Rangé des voitures sur tatami, à l’insu de son plein gré


Economie


27 décembre 2018

Qui aurait pensé il y a encore trois petites semaines que l’inoxydable Carlos Ghosn se retrouverait un beau (ou plutôt vilain) jour derrière les barreaux d’une prison ?
Personne, évidement. En tous cas pas moi, tant ce grand patron a marqué de son empreinte la vie industrielle de Renault et Nissan. Au point de doubler à toute vitesse VW, empêtré dans le scandale des moteurs truqués.
Plus que ses succès, indéniables, c’est sa vue et son flair qui ont marqué les esprits. En croquant au bon moment le constructeur nippon qui traversait une mauvaise passe, il a réussi une alliance industrielle qui a donné un second souffle à la marque au losange, elle même pas très vaillante à l’époque, encerclée par une concurrence redoutable. Ensuite, avec Dacia, il a inventé le concept de la voiture "basique", pas chère et fiable, construite sur une base de pièces déjà amorties sur des modèles "anciens". Un succès retentissant, qui n’est pas pour rien dans les bons résultats du groupe Renault.Dans cette aventure, il ne s’est pas fait que des amis. Si, en Europe, il ne se trouvait personne - pas même l’État français toujours actionnaire - pour le remettre en cause, son autoritarisme a sans doute blessé l’orgueil au Japon où il est passé progressivement du statut de dieu vivant pour avoir sauvé Nissan à celui de monstre froid et étranger.
Les couteaux se sont préparés dans l’ombre. Ils ont frappé à un moment inattendu. Sur le talon d’Achille de Carlos Ghosn, l’argent, qu’il semble apprécier sans modération.
A t-il tellement optimisé qu’il aurait franchi le Rubicon fiscal ? A t-il fait couvrir ses pertes boursicotières par son entreprise comme on l’accuse ? L’enquête ouverte par le parquet de Tokyo le dira, peut-être.
Son salaire et ses primes mirobolants, ses relations aussi puissantes qu’un V12 de compétition, ne l’ont pas mis à l’abri des poursuites. Contrairement à DSK, il lui a quand même été épargné d’être montré aux caméras comme un ours de foire, les menottes aux poignets.
Mais depuis que les policiers japonais sont venus le chercher dans son jet privé, Carlos Ghosn aura été traité durement. Au pain sec et à l’eau, tatami plutôt que Dunlopillo.
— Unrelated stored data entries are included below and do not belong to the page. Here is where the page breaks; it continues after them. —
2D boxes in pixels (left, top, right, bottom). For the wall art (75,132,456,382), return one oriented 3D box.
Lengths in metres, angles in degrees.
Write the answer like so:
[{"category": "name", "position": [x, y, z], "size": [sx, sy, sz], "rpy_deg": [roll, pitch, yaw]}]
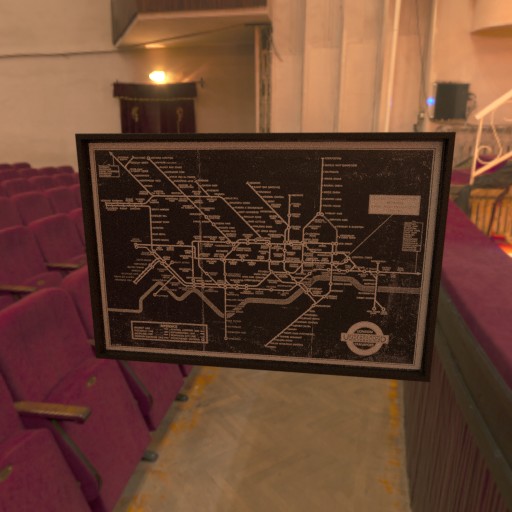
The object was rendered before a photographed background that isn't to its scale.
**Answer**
[{"category": "wall art", "position": [0.000, 0.000, 0.853], "size": [0.671, 0.456, 0.051], "rpy_deg": [2, 14, 8]}]
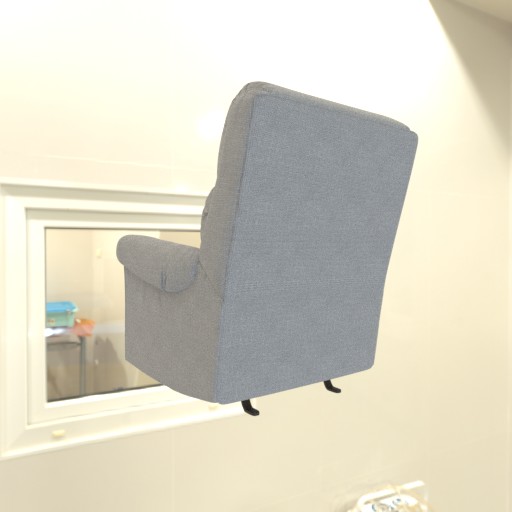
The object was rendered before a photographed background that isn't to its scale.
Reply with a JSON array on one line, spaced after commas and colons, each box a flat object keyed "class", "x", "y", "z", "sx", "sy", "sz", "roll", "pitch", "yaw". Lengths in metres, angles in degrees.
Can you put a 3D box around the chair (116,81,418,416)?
[{"class": "chair", "x": 0.000, "y": 0.000, "z": 1.792, "sx": 0.838, "sy": 1.054, "sz": 1.014, "roll": -1, "pitch": 1, "yaw": -36}]
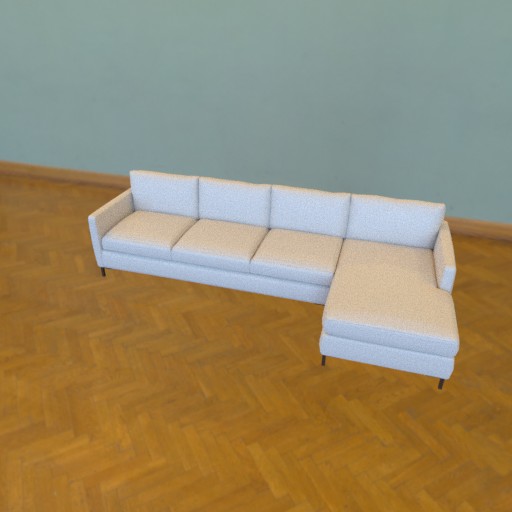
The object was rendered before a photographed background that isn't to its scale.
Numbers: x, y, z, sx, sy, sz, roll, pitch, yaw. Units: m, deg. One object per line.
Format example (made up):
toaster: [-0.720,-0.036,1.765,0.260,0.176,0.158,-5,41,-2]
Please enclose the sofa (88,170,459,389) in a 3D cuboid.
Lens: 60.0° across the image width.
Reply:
sofa: [0.000,0.000,3.275,2.731,0.755,1.258,9,31,15]
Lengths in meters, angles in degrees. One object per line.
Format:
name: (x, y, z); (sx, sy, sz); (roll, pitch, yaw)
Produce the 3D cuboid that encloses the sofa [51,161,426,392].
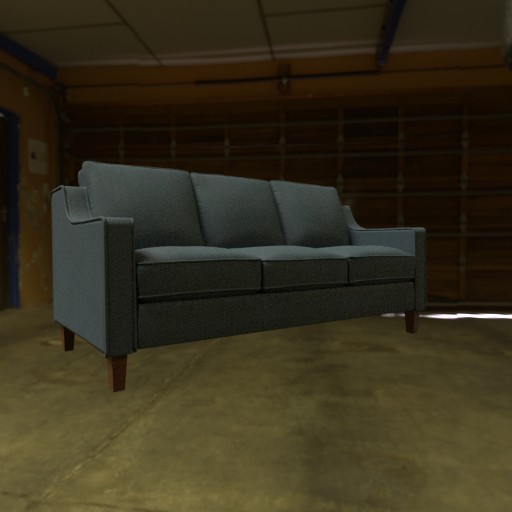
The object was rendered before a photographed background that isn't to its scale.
sofa: (0.000, 0.000, 2.531); (1.986, 0.974, 0.911); (-1, 2, -36)
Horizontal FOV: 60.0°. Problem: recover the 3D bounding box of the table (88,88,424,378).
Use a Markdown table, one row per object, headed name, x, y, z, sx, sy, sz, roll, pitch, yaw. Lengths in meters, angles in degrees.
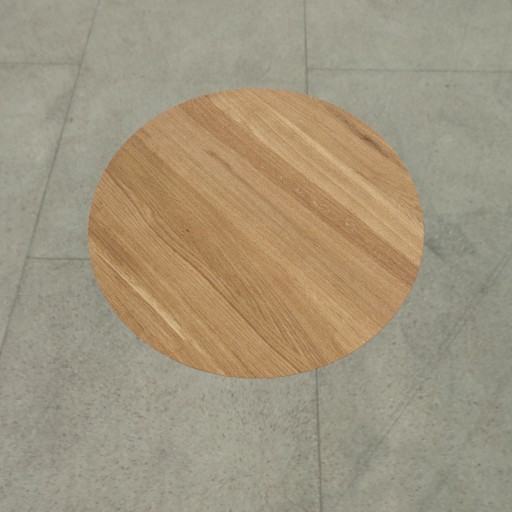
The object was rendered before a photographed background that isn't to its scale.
| name | x | y | z | sx | sy | sz | roll | pitch | yaw |
| --- | --- | --- | --- | --- | --- | --- | --- | --- | --- |
| table | 0.000 | 0.000 | 1.685 | 1.038 | 0.666 | 1.038 | 0 | 64 | 0 |
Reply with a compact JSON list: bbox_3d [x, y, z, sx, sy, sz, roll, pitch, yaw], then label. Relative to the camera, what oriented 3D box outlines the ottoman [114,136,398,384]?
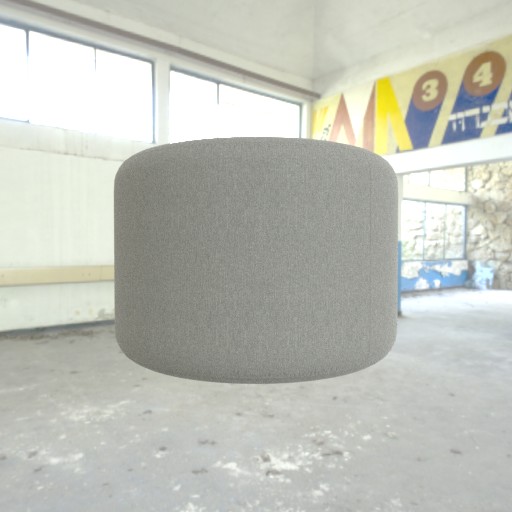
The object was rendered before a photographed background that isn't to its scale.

C’est, parait-il, la procédure habituelle à Tokyo, pour faire craquer les détenus en préventive. Ce qui va jusqu’au supplice... chinois des mises en examens à répétition comme une mitraillette, prolongeant sine die le séjour derrière les barreaux avant le jugement. Plus dure en est la sortie de route du grand patron déchu.
Pour le groupe Renault-Nissan, comme pour VW, tout est à reconstruire.